Content starts

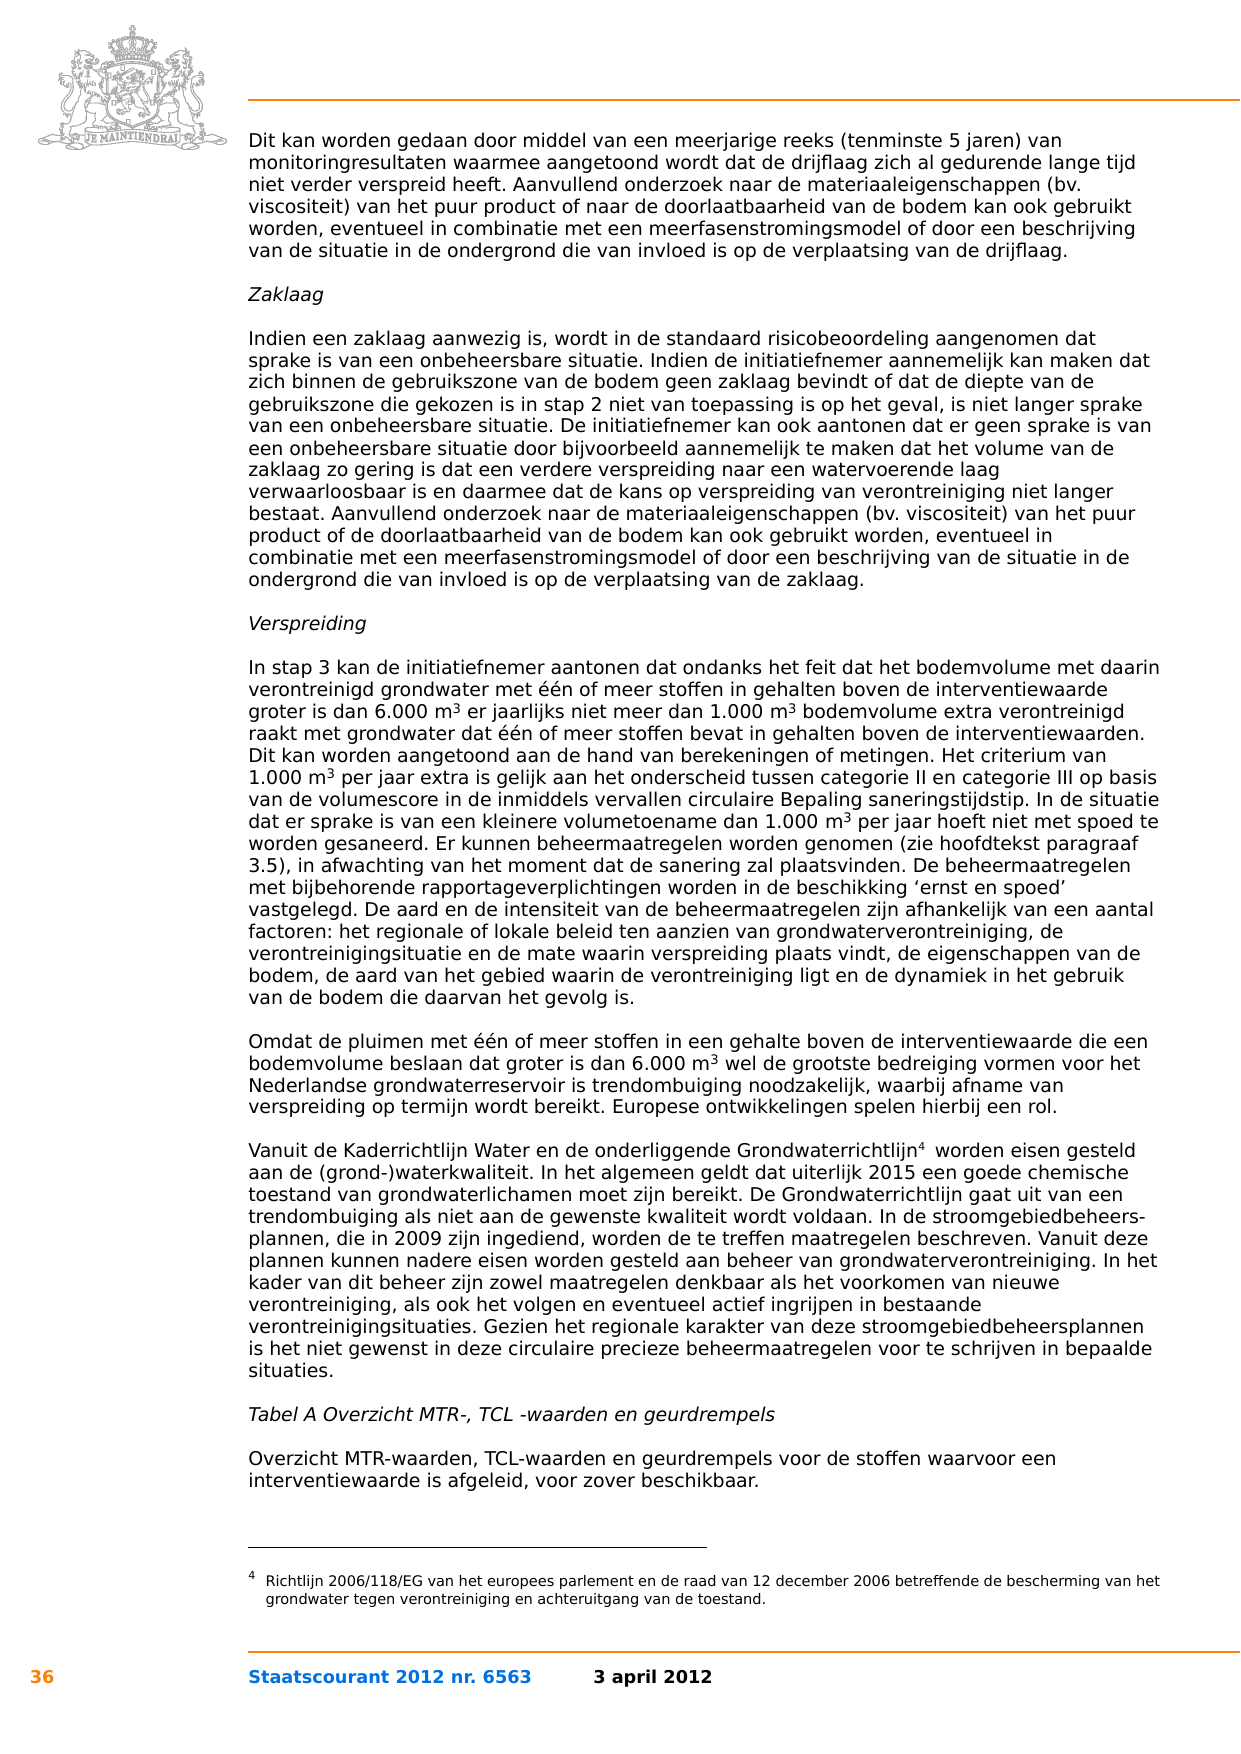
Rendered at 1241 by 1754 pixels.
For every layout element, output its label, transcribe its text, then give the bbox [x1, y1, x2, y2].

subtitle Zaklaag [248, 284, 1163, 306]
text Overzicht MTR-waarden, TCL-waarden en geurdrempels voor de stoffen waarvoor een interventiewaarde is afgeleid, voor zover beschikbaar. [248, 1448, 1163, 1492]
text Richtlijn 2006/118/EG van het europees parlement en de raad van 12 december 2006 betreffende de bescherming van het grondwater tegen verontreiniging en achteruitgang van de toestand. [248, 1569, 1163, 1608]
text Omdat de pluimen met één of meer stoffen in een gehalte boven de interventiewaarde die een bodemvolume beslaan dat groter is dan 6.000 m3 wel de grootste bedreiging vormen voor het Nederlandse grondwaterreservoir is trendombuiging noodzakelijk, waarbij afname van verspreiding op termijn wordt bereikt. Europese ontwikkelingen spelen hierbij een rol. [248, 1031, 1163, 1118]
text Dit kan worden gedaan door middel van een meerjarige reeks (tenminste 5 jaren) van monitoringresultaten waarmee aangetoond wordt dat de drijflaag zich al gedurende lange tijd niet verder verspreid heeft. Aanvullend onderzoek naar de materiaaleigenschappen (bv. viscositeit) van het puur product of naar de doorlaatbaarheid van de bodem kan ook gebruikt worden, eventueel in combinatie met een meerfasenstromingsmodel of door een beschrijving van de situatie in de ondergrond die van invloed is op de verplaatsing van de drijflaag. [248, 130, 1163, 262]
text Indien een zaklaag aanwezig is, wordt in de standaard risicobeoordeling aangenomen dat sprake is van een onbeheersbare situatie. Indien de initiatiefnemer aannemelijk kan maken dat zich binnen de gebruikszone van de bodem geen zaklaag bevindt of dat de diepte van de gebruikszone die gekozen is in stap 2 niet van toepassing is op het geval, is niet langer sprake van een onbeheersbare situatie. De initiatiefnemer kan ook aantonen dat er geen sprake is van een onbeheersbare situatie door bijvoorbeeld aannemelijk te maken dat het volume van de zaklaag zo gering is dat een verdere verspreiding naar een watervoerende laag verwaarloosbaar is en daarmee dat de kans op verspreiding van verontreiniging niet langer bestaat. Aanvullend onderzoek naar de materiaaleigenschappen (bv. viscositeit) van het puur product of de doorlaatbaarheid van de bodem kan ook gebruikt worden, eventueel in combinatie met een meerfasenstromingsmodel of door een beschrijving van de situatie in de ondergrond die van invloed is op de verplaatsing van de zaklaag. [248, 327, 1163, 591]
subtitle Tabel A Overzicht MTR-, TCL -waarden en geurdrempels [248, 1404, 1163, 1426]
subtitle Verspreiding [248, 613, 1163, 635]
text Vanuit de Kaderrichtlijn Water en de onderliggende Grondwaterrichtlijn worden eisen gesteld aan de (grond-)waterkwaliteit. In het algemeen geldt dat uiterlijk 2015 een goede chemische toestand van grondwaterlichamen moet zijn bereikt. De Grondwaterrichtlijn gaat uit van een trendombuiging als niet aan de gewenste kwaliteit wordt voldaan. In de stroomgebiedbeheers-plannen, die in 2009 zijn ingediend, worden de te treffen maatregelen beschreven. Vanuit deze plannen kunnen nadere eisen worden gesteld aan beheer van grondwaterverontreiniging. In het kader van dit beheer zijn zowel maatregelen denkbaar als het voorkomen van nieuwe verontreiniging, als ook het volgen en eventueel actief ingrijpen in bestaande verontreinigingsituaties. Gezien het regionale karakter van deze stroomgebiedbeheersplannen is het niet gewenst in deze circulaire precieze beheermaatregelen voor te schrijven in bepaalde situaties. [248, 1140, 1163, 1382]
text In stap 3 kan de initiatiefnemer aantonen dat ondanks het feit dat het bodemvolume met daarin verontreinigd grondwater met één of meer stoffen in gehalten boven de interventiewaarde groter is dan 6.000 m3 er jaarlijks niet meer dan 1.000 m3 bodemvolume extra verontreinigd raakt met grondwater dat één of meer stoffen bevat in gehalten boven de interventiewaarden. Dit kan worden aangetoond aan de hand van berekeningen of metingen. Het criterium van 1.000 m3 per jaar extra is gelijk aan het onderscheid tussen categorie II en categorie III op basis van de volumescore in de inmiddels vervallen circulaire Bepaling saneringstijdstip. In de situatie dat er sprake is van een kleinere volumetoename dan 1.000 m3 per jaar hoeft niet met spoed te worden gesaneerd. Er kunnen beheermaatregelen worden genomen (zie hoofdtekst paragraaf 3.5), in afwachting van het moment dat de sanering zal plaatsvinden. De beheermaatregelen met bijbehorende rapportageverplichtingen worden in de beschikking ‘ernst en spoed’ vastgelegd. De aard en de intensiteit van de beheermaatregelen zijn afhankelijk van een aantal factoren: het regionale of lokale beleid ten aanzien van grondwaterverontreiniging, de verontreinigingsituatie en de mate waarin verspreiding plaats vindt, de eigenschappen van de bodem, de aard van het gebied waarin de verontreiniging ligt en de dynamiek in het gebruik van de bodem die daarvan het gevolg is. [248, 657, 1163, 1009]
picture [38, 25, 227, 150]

Content ends
Content starts

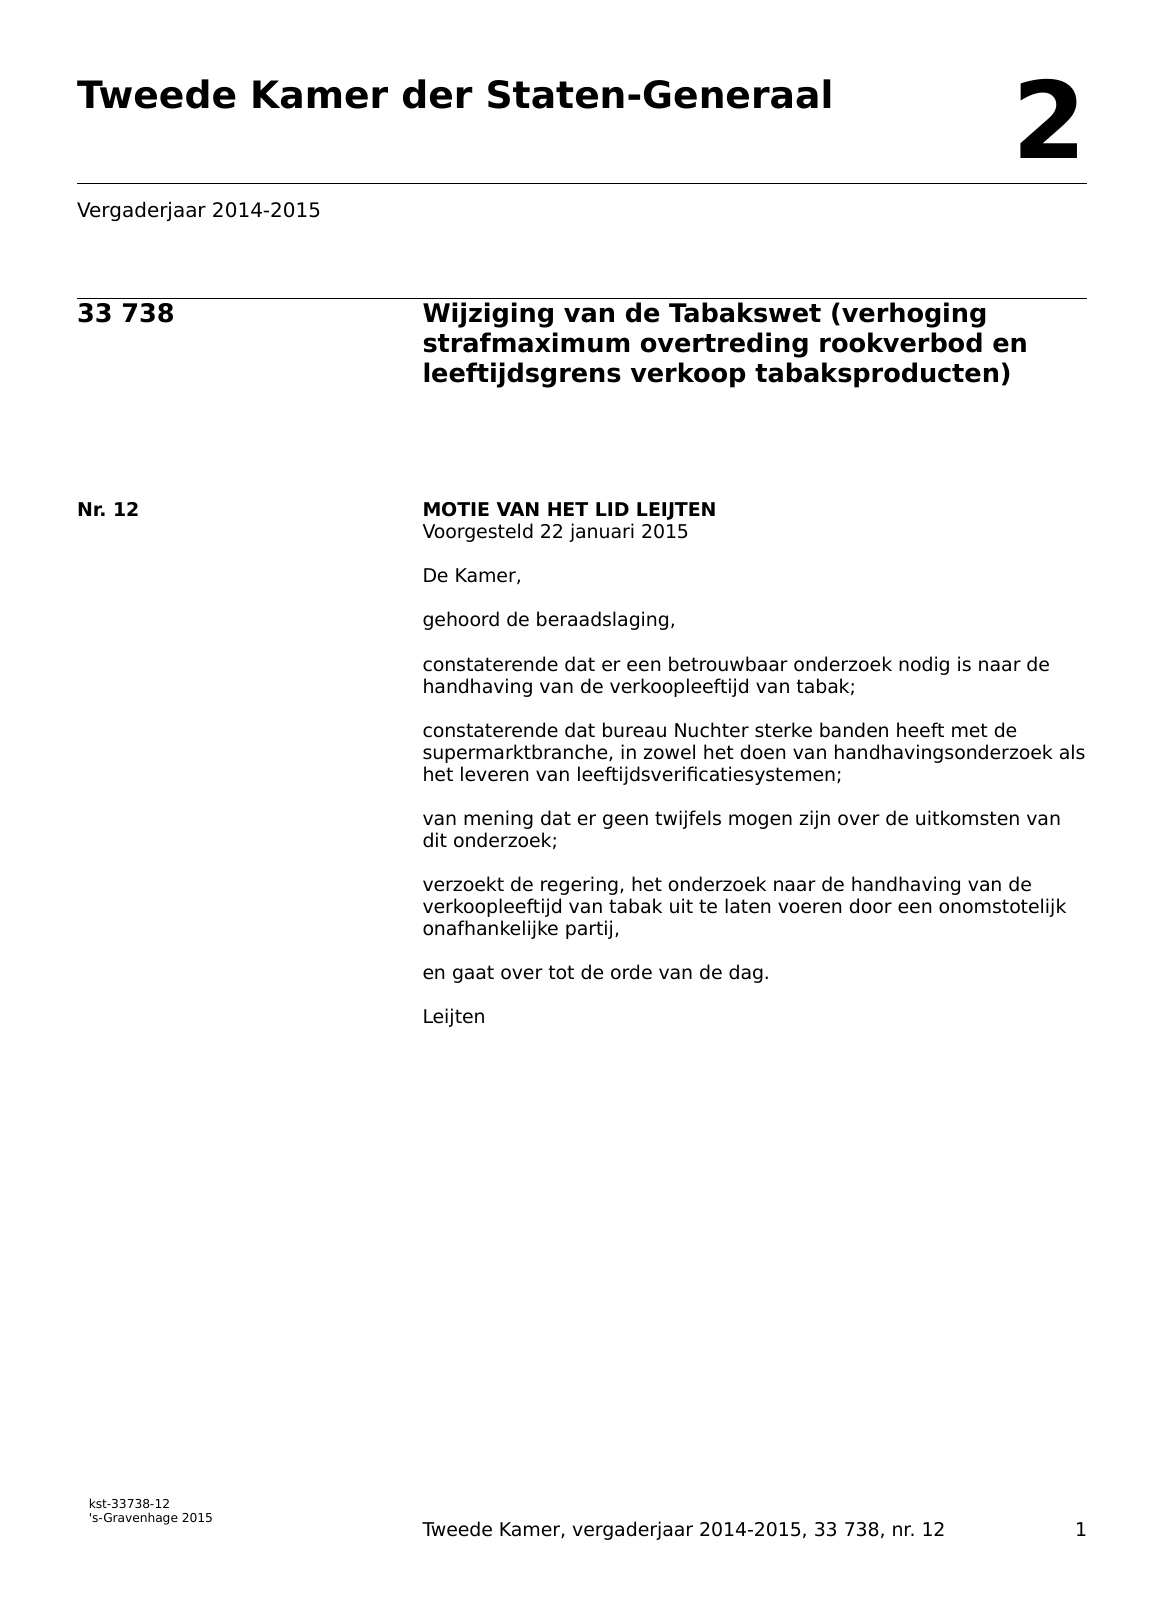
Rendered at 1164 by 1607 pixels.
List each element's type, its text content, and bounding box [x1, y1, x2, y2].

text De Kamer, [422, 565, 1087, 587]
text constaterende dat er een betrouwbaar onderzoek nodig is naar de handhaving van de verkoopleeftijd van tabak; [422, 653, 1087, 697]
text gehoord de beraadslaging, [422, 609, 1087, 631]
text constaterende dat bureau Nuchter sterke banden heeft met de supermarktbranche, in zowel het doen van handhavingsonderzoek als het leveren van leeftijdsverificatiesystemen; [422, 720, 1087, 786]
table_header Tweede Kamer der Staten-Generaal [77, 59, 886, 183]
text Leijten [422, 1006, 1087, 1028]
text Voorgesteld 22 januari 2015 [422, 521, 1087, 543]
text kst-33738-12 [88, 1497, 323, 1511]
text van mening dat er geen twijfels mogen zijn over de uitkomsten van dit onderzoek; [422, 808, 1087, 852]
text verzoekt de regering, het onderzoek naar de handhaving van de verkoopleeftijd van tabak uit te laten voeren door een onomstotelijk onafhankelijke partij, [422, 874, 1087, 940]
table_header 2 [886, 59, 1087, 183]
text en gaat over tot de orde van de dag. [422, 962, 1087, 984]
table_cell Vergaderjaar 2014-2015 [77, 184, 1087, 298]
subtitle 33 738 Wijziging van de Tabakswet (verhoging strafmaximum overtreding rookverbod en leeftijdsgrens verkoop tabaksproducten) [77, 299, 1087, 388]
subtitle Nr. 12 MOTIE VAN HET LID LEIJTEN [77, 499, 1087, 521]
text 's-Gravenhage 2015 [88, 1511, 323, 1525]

Content ends

#### [PROBLEM DETAILS]
Restate word for word the entries above, starting at the line with "Rendered at 1241 by 1754 pixels." and ending at the line with "text Omdat de", inclusive, and no others.

#### [ANSWER SPACE]
Rendered at 1241 by 1754 pixels.
For every layout element, output its label, transcribe its text, then give the bbox [x1, y1, x2, y2].

subtitle Zaklaag [248, 284, 1163, 306]
text Overzicht MTR-waarden, TCL-waarden en geurdrempels voor de stoffen waarvoor een interventiewaarde is afgeleid, voor zover beschikbaar. [248, 1448, 1163, 1492]
text Richtlijn 2006/118/EG van het europees parlement en de raad van 12 december 2006 betreffende de bescherming van het grondwater tegen verontreiniging en achteruitgang van de toestand. [248, 1569, 1163, 1608]
text Omdat de pluimen met één of meer stoffen in een gehalte boven de interventiewaarde die een bodemvolume beslaan dat groter is dan 6.000 m3 wel de grootste bedreiging vormen voor het Nederlandse grondwaterreservoir is trendombuiging noodzakelijk, waarbij afname van verspreiding op termijn wordt bereikt. Europese ontwikkelingen spelen hierbij een rol. [248, 1031, 1163, 1118]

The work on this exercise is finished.